## Records for this exercise
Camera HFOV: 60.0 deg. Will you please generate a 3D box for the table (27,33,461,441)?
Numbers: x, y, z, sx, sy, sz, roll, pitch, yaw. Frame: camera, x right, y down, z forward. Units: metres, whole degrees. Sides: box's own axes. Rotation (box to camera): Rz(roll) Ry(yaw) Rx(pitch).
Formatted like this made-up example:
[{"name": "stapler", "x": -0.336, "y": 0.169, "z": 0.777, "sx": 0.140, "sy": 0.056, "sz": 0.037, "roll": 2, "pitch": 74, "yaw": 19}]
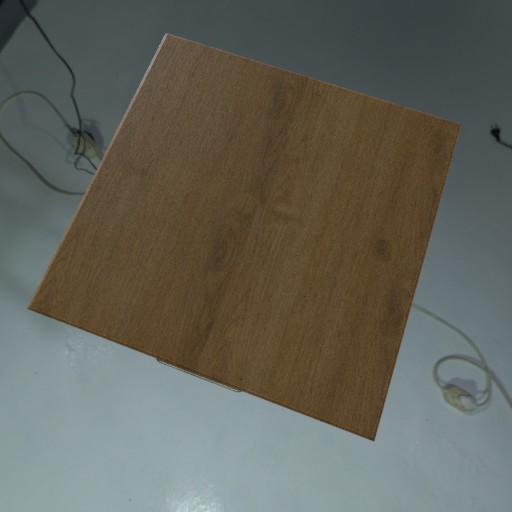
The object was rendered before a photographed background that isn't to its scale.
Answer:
[{"name": "table", "x": 0.000, "y": 0.000, "z": 1.084, "sx": 0.616, "sy": 0.593, "sz": 0.612, "roll": 19, "pitch": 75, "yaw": 5}]
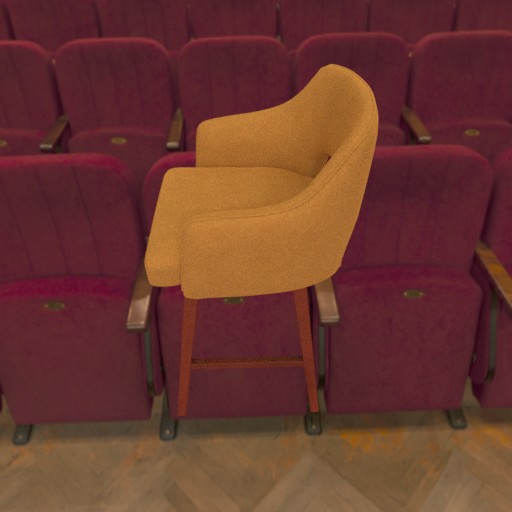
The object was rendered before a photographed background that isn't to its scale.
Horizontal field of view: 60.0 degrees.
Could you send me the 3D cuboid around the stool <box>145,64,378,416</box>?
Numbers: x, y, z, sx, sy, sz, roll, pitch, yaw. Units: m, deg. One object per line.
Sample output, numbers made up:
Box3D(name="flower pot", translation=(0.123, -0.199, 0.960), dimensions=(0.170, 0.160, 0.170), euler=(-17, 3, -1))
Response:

## Task
Whenever the word "Units" appears in a line above, copy that line.

## Your response
Numbers: x, y, z, sx, sy, sz, roll, pitch, yaw. Frame: camera, x right, y down, z forward. Units: metres, whole degrees. Sides: box's own axes. Rotation (box to camera): Rz(roll) Ry(yaw) Rx(pitch).
Numbers: x, y, z, sx, sy, sz, roll, pitch, yaw. Units: m, deg. One object per line.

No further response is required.